Trichuris species are helminths with favourable characteristics for therapeutic use. Their life cycle minimises the risk of inadvertent colonisation. Trichuris ova mature in the soil and are ingested by the host. Ova hatch in the duodenum, releasing larvae that ultimately grow in 6–8 weeks into adult worms. They migrate to the terminal ileum and colon but do not invade the host. Worms can remain viable for 1–2 years in the natural host. Adult worms release ova that are shed into the stool. These ova are immature and are not capable of colonising another host until they incubate in the soil for several weeks to allow embryonation.

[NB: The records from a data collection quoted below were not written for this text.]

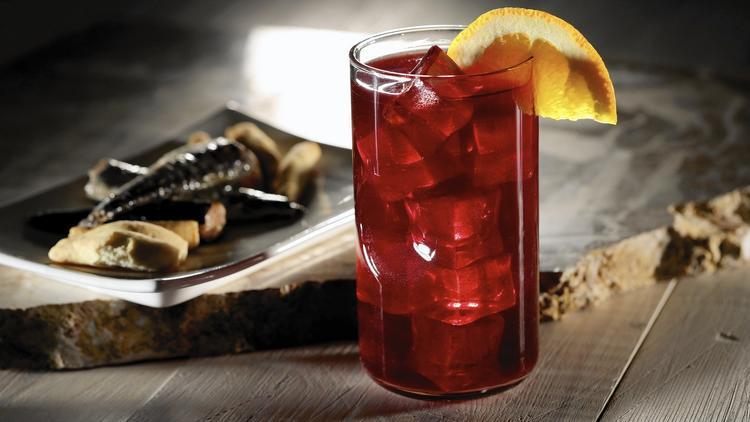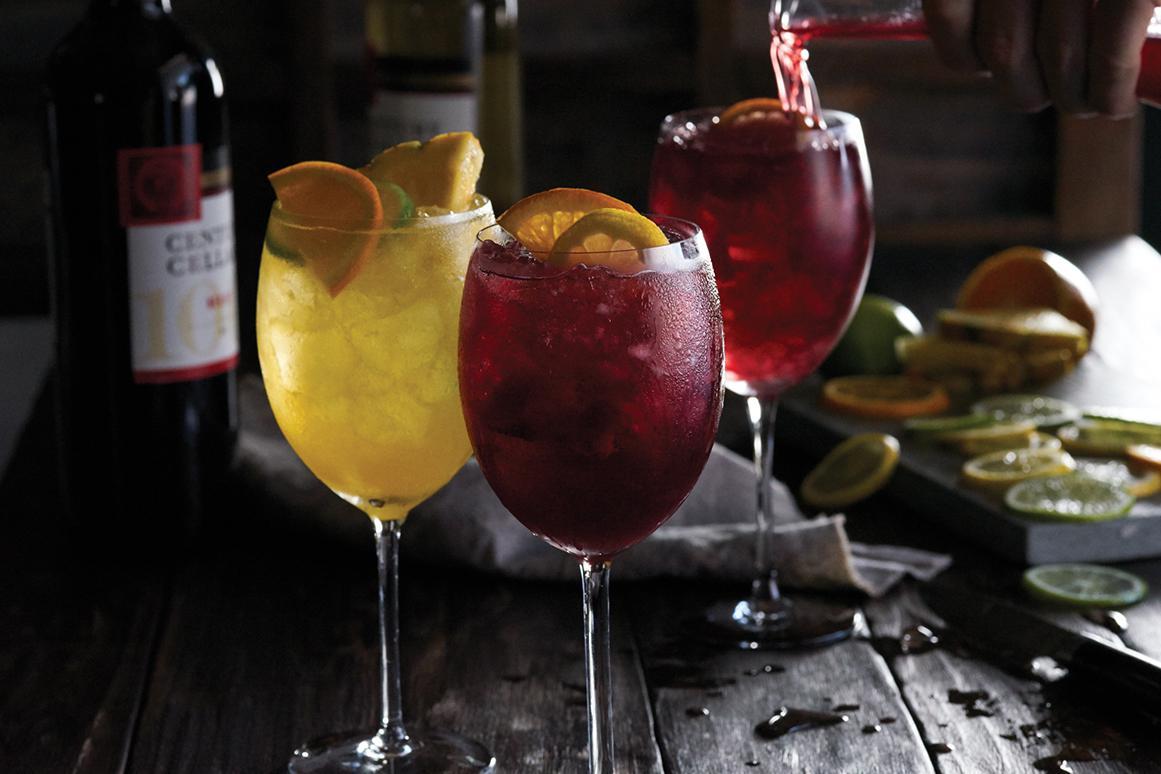The first image is the image on the left, the second image is the image on the right. For the images displayed, is the sentence "Exactly one image shows hands holding stemmed glasses of wine." factually correct? Answer yes or no. No. The first image is the image on the left, the second image is the image on the right. Examine the images to the left and right. Is the description "There are human hands holding a glass of wine." accurate? Answer yes or no. No. 
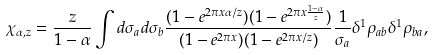Convert formula to latex. <formula><loc_0><loc_0><loc_500><loc_500>\chi _ { \alpha , z } = \frac { z } { 1 - \alpha } \int d \sigma _ { a } d \sigma _ { b } \frac { ( 1 - e ^ { 2 \pi x \alpha / z } ) ( 1 - e ^ { 2 \pi x \frac { 1 - \alpha } { z } } ) } { ( 1 - e ^ { 2 \pi x } ) ( 1 - e ^ { 2 \pi x / z } ) } \frac { 1 } { \sigma _ { a } } \delta ^ { 1 } \rho _ { a b } \delta ^ { 1 } \rho _ { b a } ,</formula> 
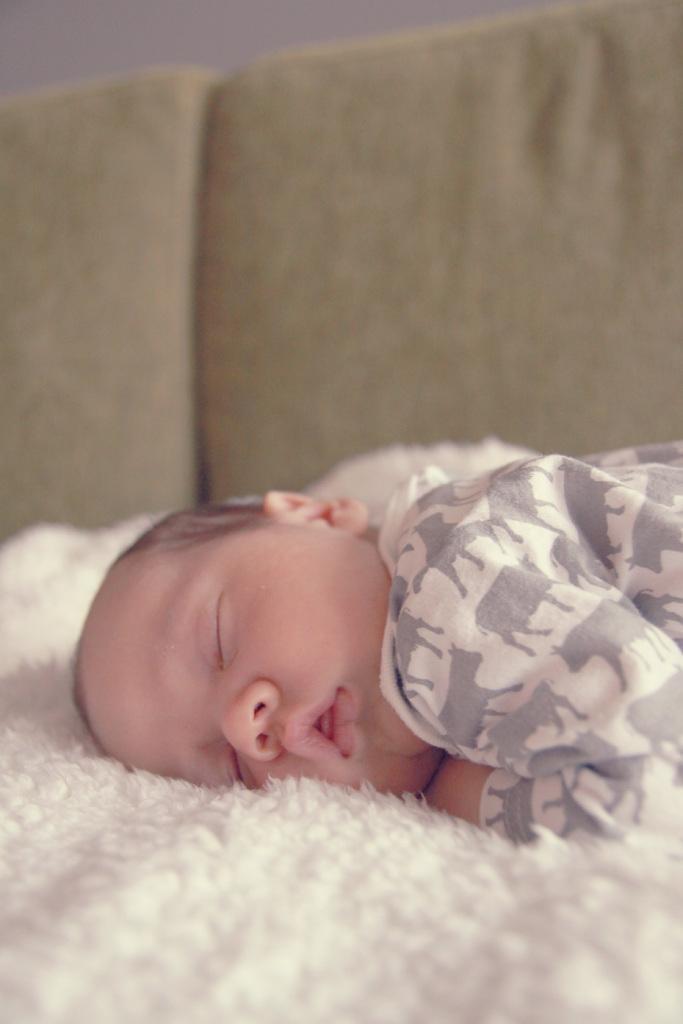Describe this image in one or two sentences. In this image a baby is sleeping on a sofa. 
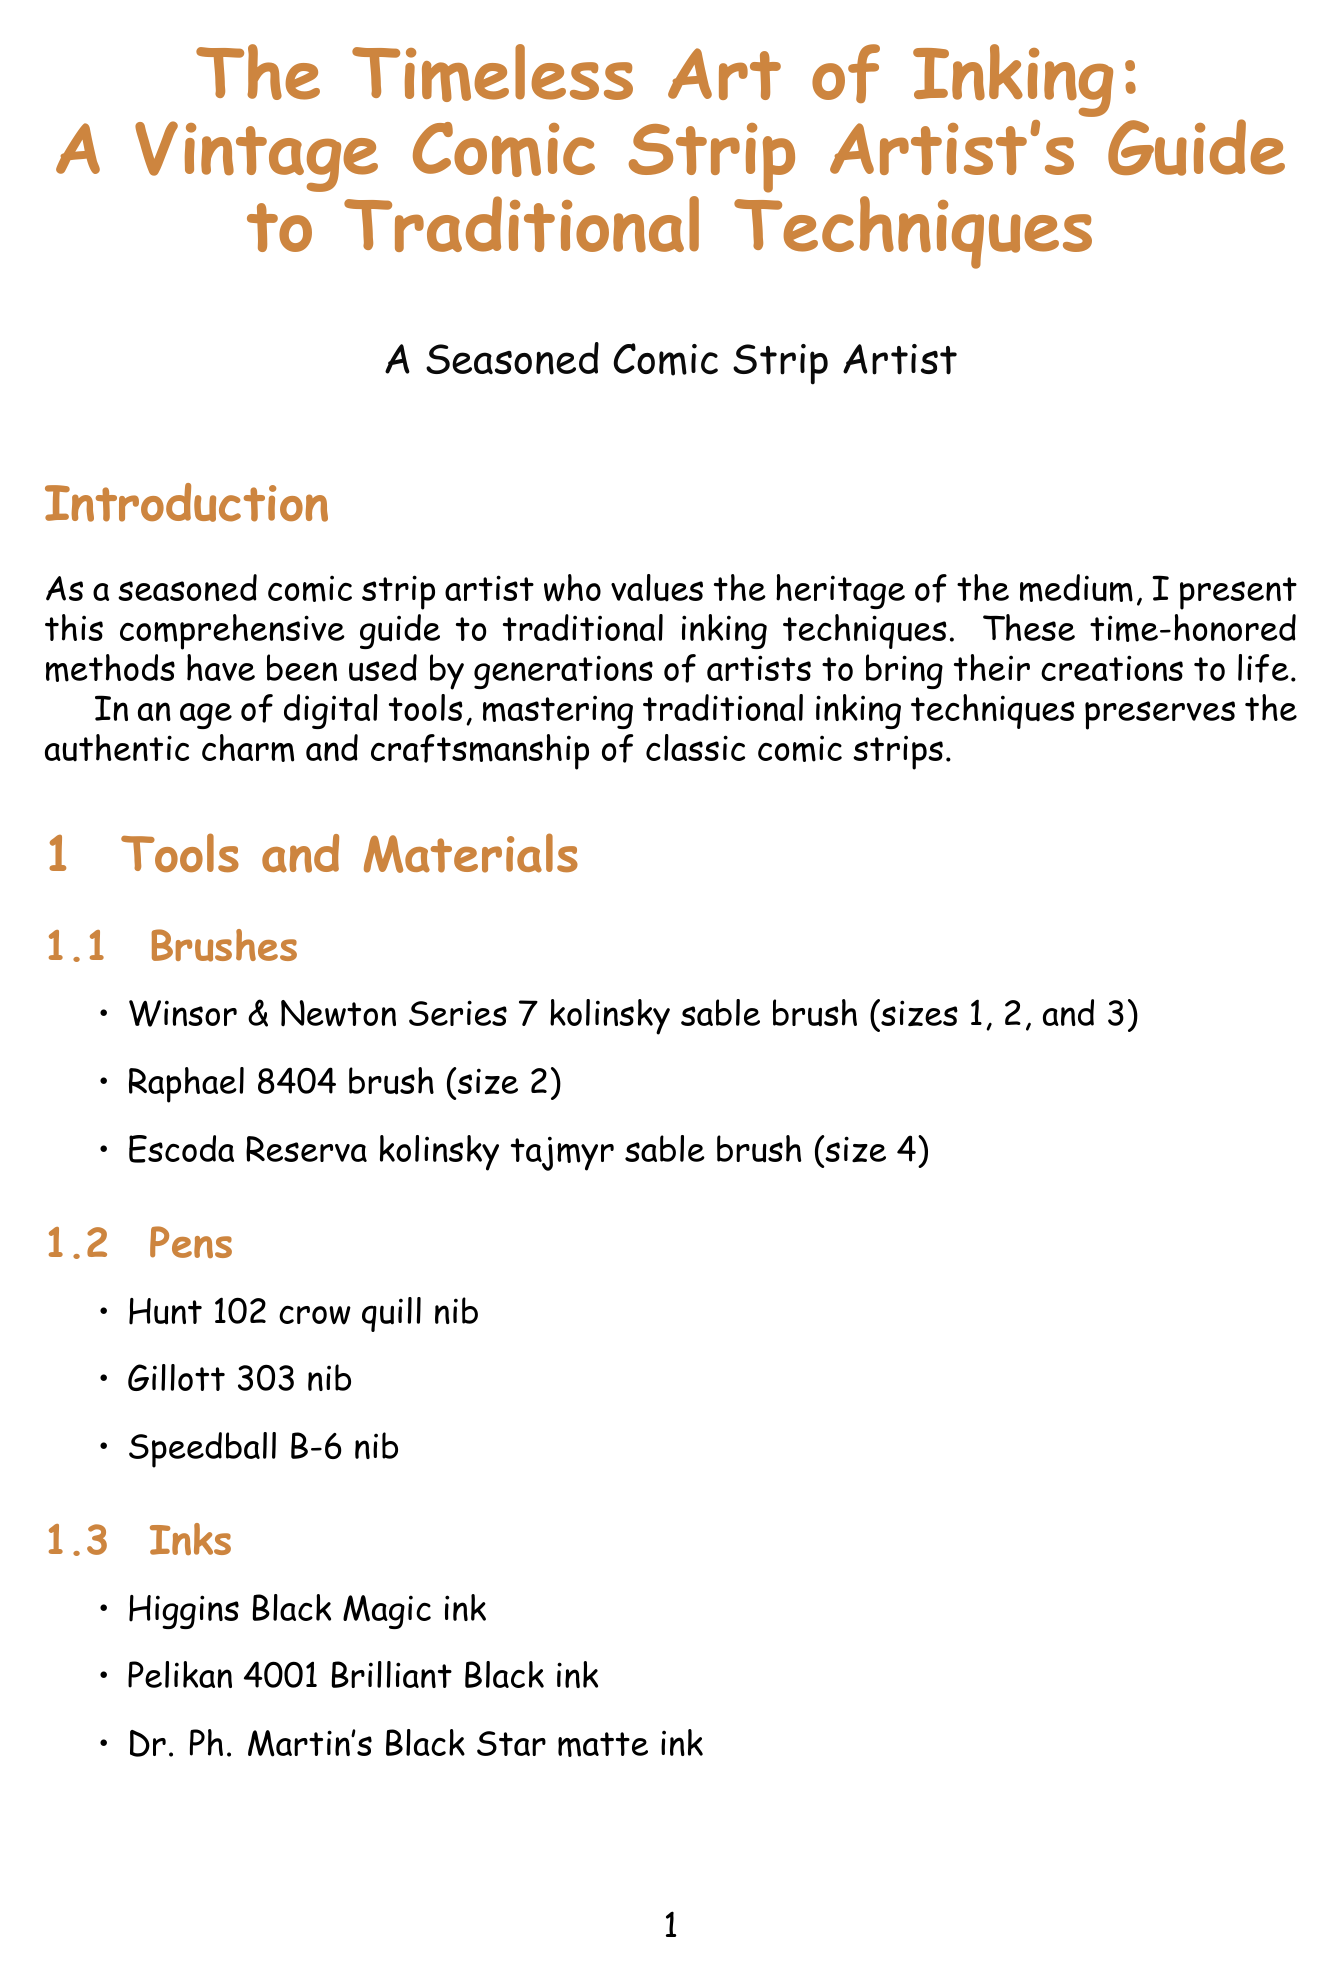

We chose T suis as the helminth to colonise subjects in this study. T suis, the porcine whipworm, is genetically related to T trichiura, the human whipworm. T suis is not a natural human parasite but it has been shown experimentally to colonise humans briefly without causing disease.8 The ova can be produced using pathogen free pigs, and processed to assure absence of biological contaminants.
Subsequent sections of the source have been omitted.